During PSK recognition, the crystal structure of the AtPSKR1-PSK complex (PDB: 4Z63) shows that the two sulfotyrosines in PSK (chain P; TYS28-ILE29-TYS30-THR31-GLN32)-sTyr1 (TYS28) and sTyr3 (TYS30)-serve as the principal recognition anchors [37]. Their sulfate groups form a critical hydrogen-bond/salt-bridge network primarily with Lys508 at the receptor binding interface (chain A), assisted by other polar or charged residues such as Asn424, Glu511, and Arg349. Meanwhile, the ligand backbone packs against the island-domain β-strand composed of Phe503-Pro504-Phe505-Phe506-Met507-Lys508-Arg509-Asn510–Glu511, forming a stable antiparallel β-sheet [37]. This architecture enables high-affinity binding and induces allosteric rearrangements of the receptor ectodomain, thereby promoting receptor activation and recruitment of SERK co-receptors [38]. In L. chinense, we likewise observed a recognition geometry consistent with that of the AtPSK–AtPSKR1 complex: the sulfate groups of the two sulfotyrosines in PSK (sTyr; TYS72/TYS74) act as key electrostatic anchors that govern ligand positioning and stabilization within the receptor-binding pocket, suggesting that this ligand–receptor recognition framework is highly conserved evolutionarily. Nevertheless, whether L. chinense PSKR further recruits SERK co-receptors upon ligand binding to assemble an activated receptor complex remains to be validated through co-immunoprecipitation and in vivo interaction assays, structural determination, and/or genetic evidence (Supplementary Figure S4).

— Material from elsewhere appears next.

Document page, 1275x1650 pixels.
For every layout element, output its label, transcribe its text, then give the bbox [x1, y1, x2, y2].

In L. chinense, we identified two TPST copies, two PSK copies, one PSY, and two tandemly duplicated CIF genes. The promoter regions of all seven family members were generally enriched for anaerobic induction- and abscisic acid (ABA)-responsive cis-elements, suggesting that the TPST-sulfated peptide system may broadly participate in hypoxia-related stress responses and ABA-mediated signaling pathways. With the exception of LcPSK2 and LcPSY, the promoters of the remaining five genes contained methyl jasmonate (MeJA)-responsive elements, implying potential roles in defense- or stress-related pathways. Notably, only LcPSK2 showed specific enrichment of cis-elements associated with seed-specific regulation, palisade mesophyll cell differentiation, and endosperm expression, indicating that it may play a more specialized regulatory role in seed development and leaf tissue differentiation. The two tandemly duplicated CIF genes exhibited overall similar cis-element types and copy numbers; however, LcCIF1-1 additionally harbored nine circadian control–related elements. This divergence likely reflects de novo insertional changes in the promoter after gene duplication and/or differences in local chromatin context, thereby conferring potential regulatory differentiation in circadian-dependent expression.

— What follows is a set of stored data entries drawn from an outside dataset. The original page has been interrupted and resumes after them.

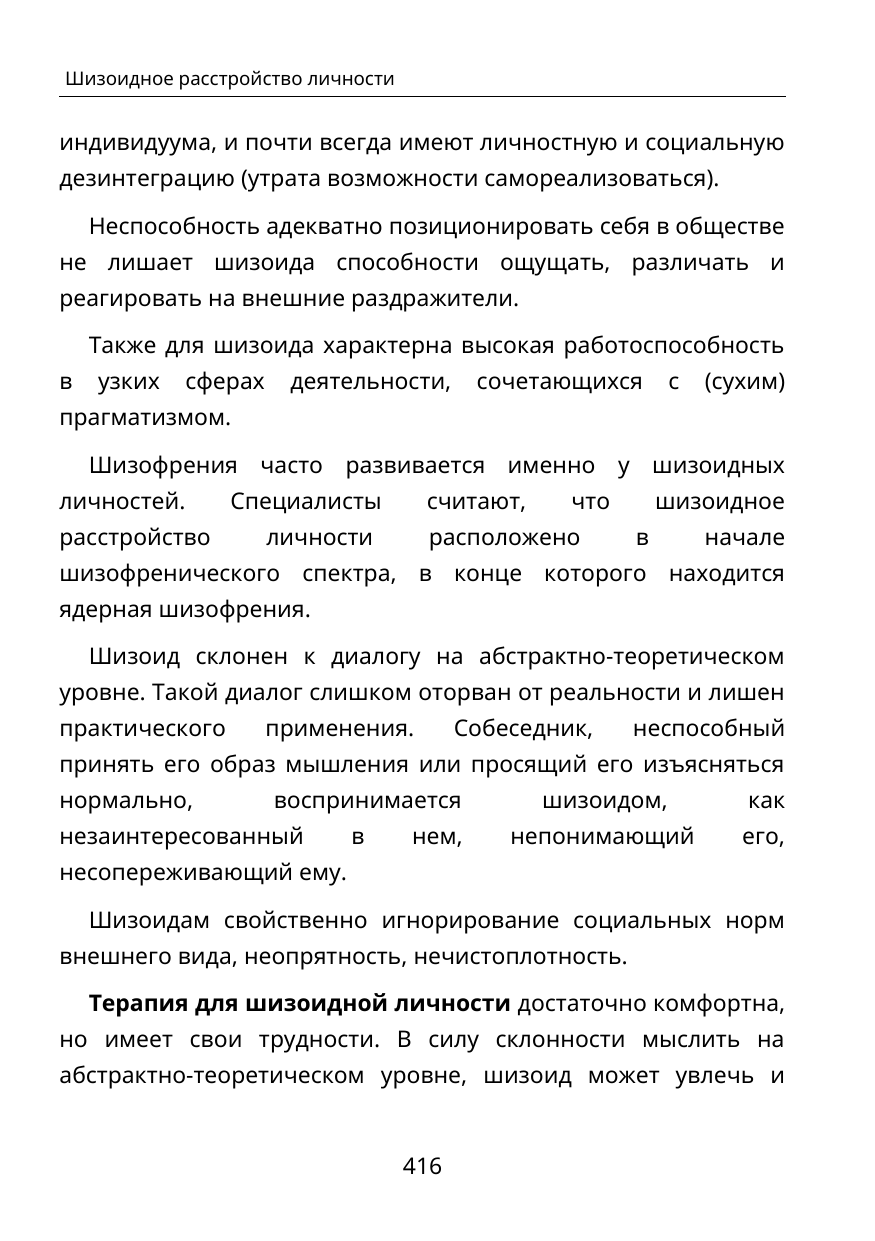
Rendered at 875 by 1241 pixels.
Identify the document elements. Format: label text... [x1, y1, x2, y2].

text индивидуума, и почти всегда имеют личностную и социальную дезинтеграцию (утрата возможности самореализоваться). [59, 126, 786, 193]
text Терапия для шизоидной личности достаточно комфортна, но имеет свои трудности. В силу склонности мыслить на абстрактно-теоретическом уровне, шизоид может увлечь и [59, 987, 786, 1090]
text Шизоид склонен к диалогу на абстрактно-теоретическом уровне. Такой диалог слишком оторван от реальности и лишен практического применения. Собеседник, неспособный принять его образ мышления или просящий его изъясняться нормально, воспринимается шизоидом, как незаинтересованный в нем, непонимающий его, несопереживающий ему. [59, 640, 786, 887]
text Шизофрения часто развивается именно у шизоидных личностей. Специалисты считают, что шизоидное расстройство личности расположено в начале шизофренического спектра, в конце которого находится ядерная шизофрения. [59, 449, 786, 624]
text Неспособность адекватно позиционировать себя в обществе не лишает шизоида способности ощущать, различать и реагировать на внешние раздражители. [59, 210, 786, 313]
text Шизоидам свойственно игнорирование социальных норм внешнего вида, неопрятность, нечистоплотность. [59, 904, 786, 971]
text Также для шизоида характерна высокая работоспособность в узких сферах деятельности, сочетающихся с (сухим) прагматизмом. [59, 329, 786, 432]

TPST, PSK, PSY, and CIF family members in L. chinense generally contain hormone and stress-responsive cis-elements, suggesting that they may collectively participate in the regulation of growth, development, and environmental adaptation. It should be noted, however, that cis-elements indicate only potential regulatory capacity, and their actual functions are strongly dependent on cell type and developmental context; even within the same organ, different cell populations may respond differently to the same signal. Therefore, these elements cannot be simply interpreted as evidence of uniform responses at the whole organ level. Differences in cis-element composition among family members further suggest regulatory partitioning and functional diversification.

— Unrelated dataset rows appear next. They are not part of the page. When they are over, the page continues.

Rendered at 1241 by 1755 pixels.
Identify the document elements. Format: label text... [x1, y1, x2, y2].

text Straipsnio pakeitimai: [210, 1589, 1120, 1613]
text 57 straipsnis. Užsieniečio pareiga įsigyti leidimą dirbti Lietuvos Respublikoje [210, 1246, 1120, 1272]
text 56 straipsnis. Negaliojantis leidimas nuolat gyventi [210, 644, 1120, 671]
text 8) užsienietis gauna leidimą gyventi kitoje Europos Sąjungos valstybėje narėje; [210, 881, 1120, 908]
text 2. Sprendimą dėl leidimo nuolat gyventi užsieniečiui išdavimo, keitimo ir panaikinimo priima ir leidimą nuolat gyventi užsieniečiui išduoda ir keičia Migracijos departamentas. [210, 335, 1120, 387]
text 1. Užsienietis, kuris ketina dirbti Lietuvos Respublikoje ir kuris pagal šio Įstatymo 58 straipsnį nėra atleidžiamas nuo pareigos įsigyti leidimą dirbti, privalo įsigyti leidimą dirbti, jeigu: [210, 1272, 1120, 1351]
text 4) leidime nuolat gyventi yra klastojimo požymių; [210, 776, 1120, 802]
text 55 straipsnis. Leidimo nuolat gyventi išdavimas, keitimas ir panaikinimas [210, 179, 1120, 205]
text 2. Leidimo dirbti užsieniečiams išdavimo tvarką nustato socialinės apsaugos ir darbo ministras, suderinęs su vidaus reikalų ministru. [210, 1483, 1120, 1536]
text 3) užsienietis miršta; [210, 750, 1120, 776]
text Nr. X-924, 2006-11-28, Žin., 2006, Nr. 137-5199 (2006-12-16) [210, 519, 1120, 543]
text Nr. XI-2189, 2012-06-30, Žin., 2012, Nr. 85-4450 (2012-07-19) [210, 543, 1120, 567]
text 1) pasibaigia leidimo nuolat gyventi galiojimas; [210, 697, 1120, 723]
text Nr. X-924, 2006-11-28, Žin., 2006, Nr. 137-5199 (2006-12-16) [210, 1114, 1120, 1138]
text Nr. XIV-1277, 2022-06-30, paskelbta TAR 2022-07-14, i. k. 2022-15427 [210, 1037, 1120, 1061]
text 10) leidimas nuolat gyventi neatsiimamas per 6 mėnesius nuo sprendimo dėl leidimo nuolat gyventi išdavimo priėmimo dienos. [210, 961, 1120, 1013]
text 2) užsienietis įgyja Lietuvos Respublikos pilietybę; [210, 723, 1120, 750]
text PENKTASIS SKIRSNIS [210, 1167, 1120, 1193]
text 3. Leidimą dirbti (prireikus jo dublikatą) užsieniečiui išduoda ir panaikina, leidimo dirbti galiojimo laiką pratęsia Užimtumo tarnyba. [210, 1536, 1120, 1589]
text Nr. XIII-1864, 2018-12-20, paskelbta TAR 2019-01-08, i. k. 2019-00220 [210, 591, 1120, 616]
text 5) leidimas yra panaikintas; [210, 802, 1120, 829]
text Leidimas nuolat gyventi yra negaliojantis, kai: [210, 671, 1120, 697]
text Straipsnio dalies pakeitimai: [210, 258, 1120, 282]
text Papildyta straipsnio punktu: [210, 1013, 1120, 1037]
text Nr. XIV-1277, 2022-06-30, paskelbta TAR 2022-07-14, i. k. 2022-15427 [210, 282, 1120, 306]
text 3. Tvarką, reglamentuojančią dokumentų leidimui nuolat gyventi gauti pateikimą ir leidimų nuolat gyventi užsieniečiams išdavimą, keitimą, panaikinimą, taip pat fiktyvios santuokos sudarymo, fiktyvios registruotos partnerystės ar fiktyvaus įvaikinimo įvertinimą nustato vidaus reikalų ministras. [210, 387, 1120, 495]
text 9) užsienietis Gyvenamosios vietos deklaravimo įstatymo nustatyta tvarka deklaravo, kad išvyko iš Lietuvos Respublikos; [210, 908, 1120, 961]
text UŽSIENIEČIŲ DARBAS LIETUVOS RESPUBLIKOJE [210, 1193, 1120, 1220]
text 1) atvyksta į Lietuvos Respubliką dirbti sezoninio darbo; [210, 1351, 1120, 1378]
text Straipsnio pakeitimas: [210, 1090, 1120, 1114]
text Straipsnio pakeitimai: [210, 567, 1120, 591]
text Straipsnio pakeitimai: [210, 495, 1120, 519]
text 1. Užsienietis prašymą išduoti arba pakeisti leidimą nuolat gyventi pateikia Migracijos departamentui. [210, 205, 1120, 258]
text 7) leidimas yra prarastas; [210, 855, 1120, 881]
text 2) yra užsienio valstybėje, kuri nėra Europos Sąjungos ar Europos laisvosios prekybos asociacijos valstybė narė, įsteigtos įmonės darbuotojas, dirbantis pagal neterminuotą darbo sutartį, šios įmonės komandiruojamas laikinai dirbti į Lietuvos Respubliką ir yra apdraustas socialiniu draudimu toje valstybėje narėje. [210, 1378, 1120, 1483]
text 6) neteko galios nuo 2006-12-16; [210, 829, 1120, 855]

Based on AlphaFold-based structural predictions and PyMOL-assisted docking analyses, the binding mode of LcTPST with LcPSK differed markedly from its docking patterns with LcPSY and LcCIF. In particular, interactions of LcTPST with LcPSY or LcCIF formed a distinctive yet highly consistent “sandwich-like” interface topology, a feature that may be associated with the physicochemical properties of PSY and CIF mature peptides, which are enriched in basic residues. Accordingly, we propose that LcPSY and LcCIF may follow similar recognition and catalytic modes during LcTPST-mediated sulfation. Notably, no RGF homologs were detected in the current L. chinense genome or transcriptome datasets; therefore, the molecular details of the TPST–RGF interaction interface remain to be resolved in other plant systems.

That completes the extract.